**Aim of the task**
Exactly as they appear below, repeat the lines from the one with "transferHallOrders(lostElevator cf.ElevatorState, elevatorList" through the one with "elevatorList[lostElevatorIndex].Queue[floor][button] = false", and no others.

**Given entries**
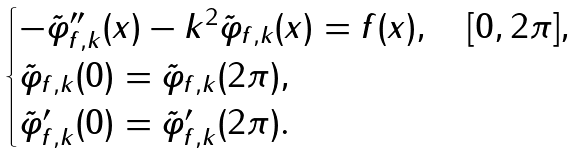Convert formula to latex. <formula><loc_0><loc_0><loc_500><loc_500>\begin{cases} - \tilde { \varphi } _ { f , k } ^ { \prime \prime } ( x ) - k ^ { 2 } \tilde { \varphi } _ { f , k } ( x ) = f ( x ) , \quad [ 0 , 2 \pi ] , \\ \tilde { \varphi } _ { f , k } ( 0 ) = \tilde { \varphi } _ { f , k } ( 2 \pi ) , \\ \tilde { \varphi } _ { f , k } ^ { \prime } ( 0 ) = \tilde { \varphi } _ { f , k } ^ { \prime } ( 2 \pi ) . \end{cases}</formula> 
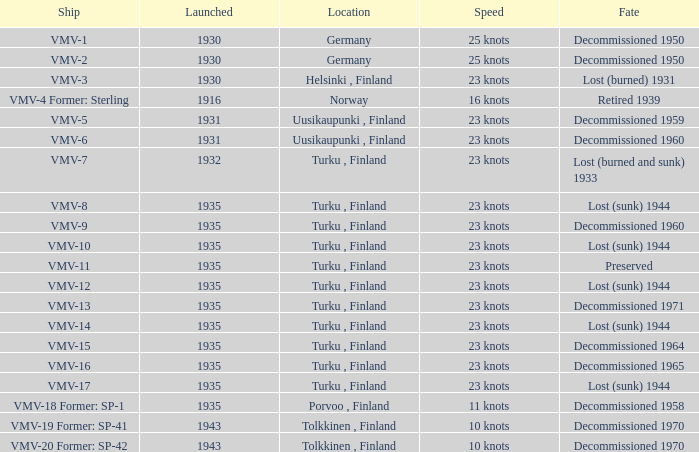What is the average launch date of the vmv-1 vessel in Germany? 1930.0. 
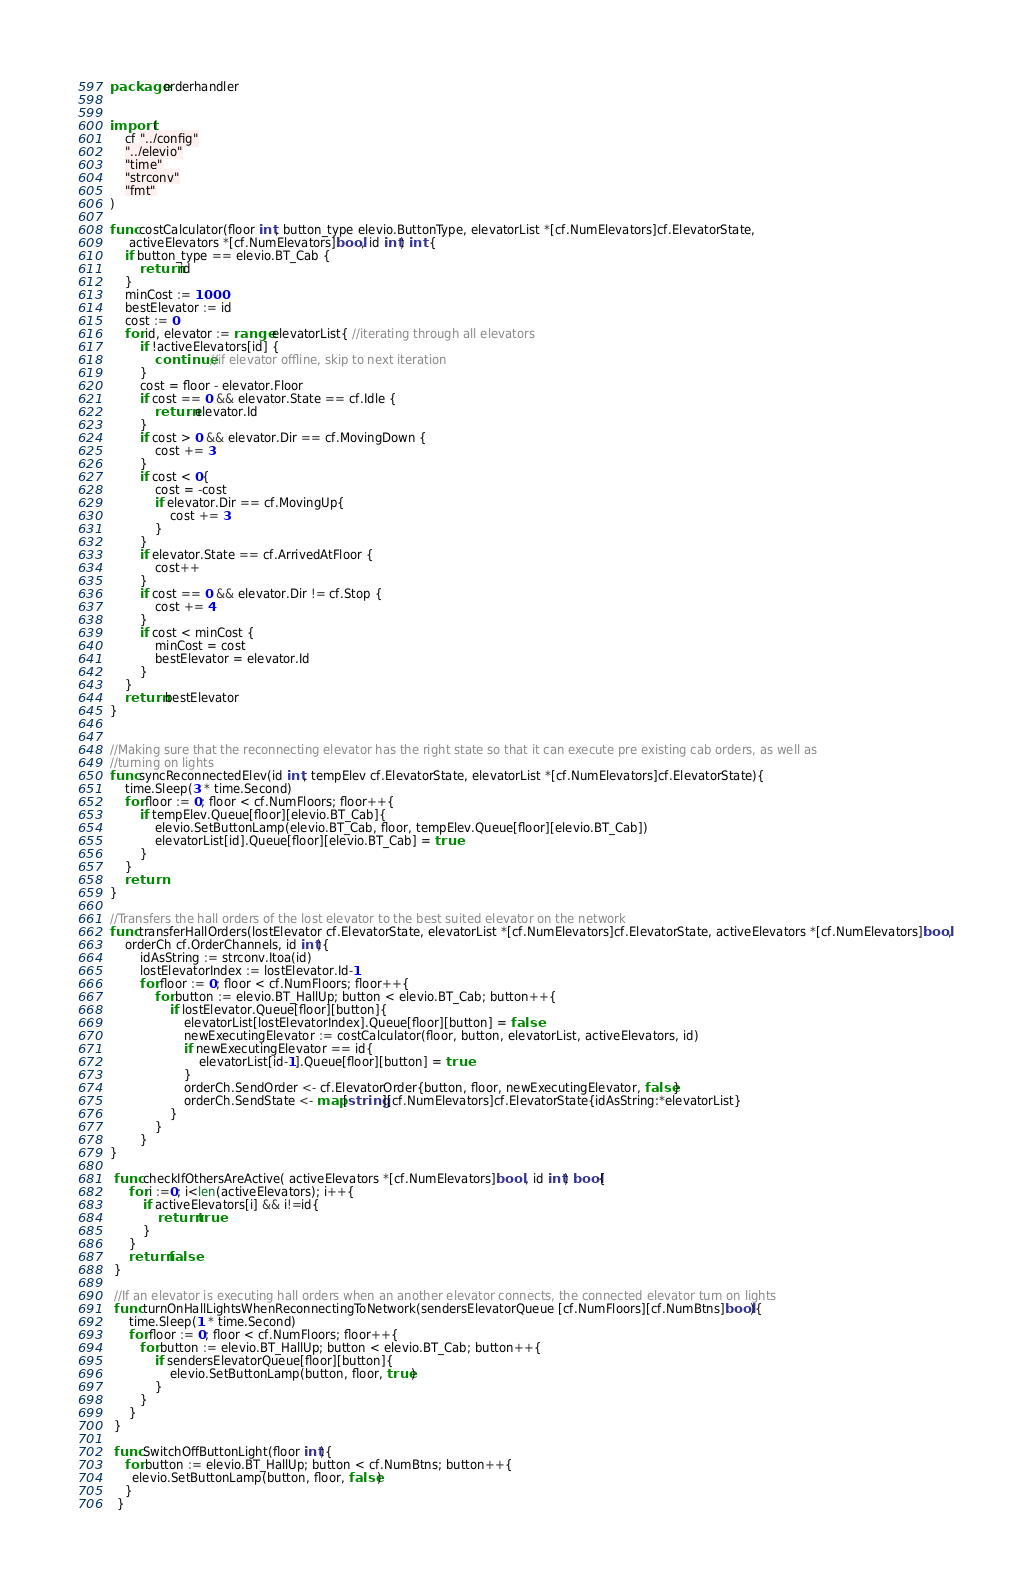Convert code to text. <code><loc_0><loc_0><loc_500><loc_500><_Go_>package orderhandler


import (
	cf "../config"
 	"../elevio"
	"time"
	"strconv"
	"fmt"
)

func costCalculator(floor int, button_type elevio.ButtonType, elevatorList *[cf.NumElevators]cf.ElevatorState,
	 activeElevators *[cf.NumElevators]bool, id int) int {
	if button_type == elevio.BT_Cab {
		return id
	}
	minCost := 1000
	bestElevator := id
	cost := 0
	for id, elevator := range elevatorList{ //iterating through all elevators
		if !activeElevators[id] {
			continue //if elevator offline, skip to next iteration
		}
		cost = floor - elevator.Floor
		if cost == 0 && elevator.State == cf.Idle {
			return elevator.Id
		}
		if cost > 0 && elevator.Dir == cf.MovingDown {
			cost += 3
		}
		if cost < 0{
			cost = -cost
			if elevator.Dir == cf.MovingUp{
				cost += 3
			}
		}
		if elevator.State == cf.ArrivedAtFloor {
			cost++
		}
		if cost == 0 && elevator.Dir != cf.Stop {
			cost += 4
		}
		if cost < minCost {
			minCost = cost
			bestElevator = elevator.Id
		}
	}
	return bestElevator
}


//Making sure that the reconnecting elevator has the right state so that it can execute pre existing cab orders, as well as
//turning on lights
func syncReconnectedElev(id int, tempElev cf.ElevatorState, elevatorList *[cf.NumElevators]cf.ElevatorState){
	time.Sleep(3 * time.Second)
	for floor := 0; floor < cf.NumFloors; floor++{
		if tempElev.Queue[floor][elevio.BT_Cab]{
			elevio.SetButtonLamp(elevio.BT_Cab, floor, tempElev.Queue[floor][elevio.BT_Cab])
			elevatorList[id].Queue[floor][elevio.BT_Cab] = true
		}
	}
	return
}

//Transfers the hall orders of the lost elevator to the best suited elevator on the network
func transferHallOrders(lostElevator cf.ElevatorState, elevatorList *[cf.NumElevators]cf.ElevatorState, activeElevators *[cf.NumElevators]bool,
	orderCh cf.OrderChannels, id int){
		idAsString := strconv.Itoa(id)
		lostElevatorIndex := lostElevator.Id-1
		for floor := 0; floor < cf.NumFloors; floor++{
			for button := elevio.BT_HallUp; button < elevio.BT_Cab; button++{
				if lostElevator.Queue[floor][button]{
					elevatorList[lostElevatorIndex].Queue[floor][button] = false
					newExecutingElevator := costCalculator(floor, button, elevatorList, activeElevators, id)
					if newExecutingElevator == id{
						elevatorList[id-1].Queue[floor][button] = true
					}
					orderCh.SendOrder <- cf.ElevatorOrder{button, floor, newExecutingElevator, false}
					orderCh.SendState <- map[string][cf.NumElevators]cf.ElevatorState{idAsString:*elevatorList}
				}
			}
		}
}

 func checkIfOthersAreActive( activeElevators *[cf.NumElevators]bool , id int) bool{
	 for i :=0; i<len(activeElevators); i++{
		 if activeElevators[i] && i!=id{
			 return true
		 }
	 }
	 return false
 }

 //If an elevator is executing hall orders when an another elevator connects, the connected elevator turn on lights
 func turnOnHallLightsWhenReconnectingToNetwork(sendersElevatorQueue [cf.NumFloors][cf.NumBtns]bool){
	 time.Sleep(1 * time.Second)
	 for floor := 0; floor < cf.NumFloors; floor++{
		for button := elevio.BT_HallUp; button < elevio.BT_Cab; button++{
			if sendersElevatorQueue[floor][button]{
				elevio.SetButtonLamp(button, floor, true)
			}
		}
	 }
 }

 func SwitchOffButtonLight(floor int){
	for button := elevio.BT_HallUp; button < cf.NumBtns; button++{
	  elevio.SetButtonLamp(button, floor, false)
	}
  }</code>

**Exercise response**
func transferHallOrders(lostElevator cf.ElevatorState, elevatorList *[cf.NumElevators]cf.ElevatorState, activeElevators *[cf.NumElevators]bool,
	orderCh cf.OrderChannels, id int){
		idAsString := strconv.Itoa(id)
		lostElevatorIndex := lostElevator.Id-1
		for floor := 0; floor < cf.NumFloors; floor++{
			for button := elevio.BT_HallUp; button < elevio.BT_Cab; button++{
				if lostElevator.Queue[floor][button]{
					elevatorList[lostElevatorIndex].Queue[floor][button] = false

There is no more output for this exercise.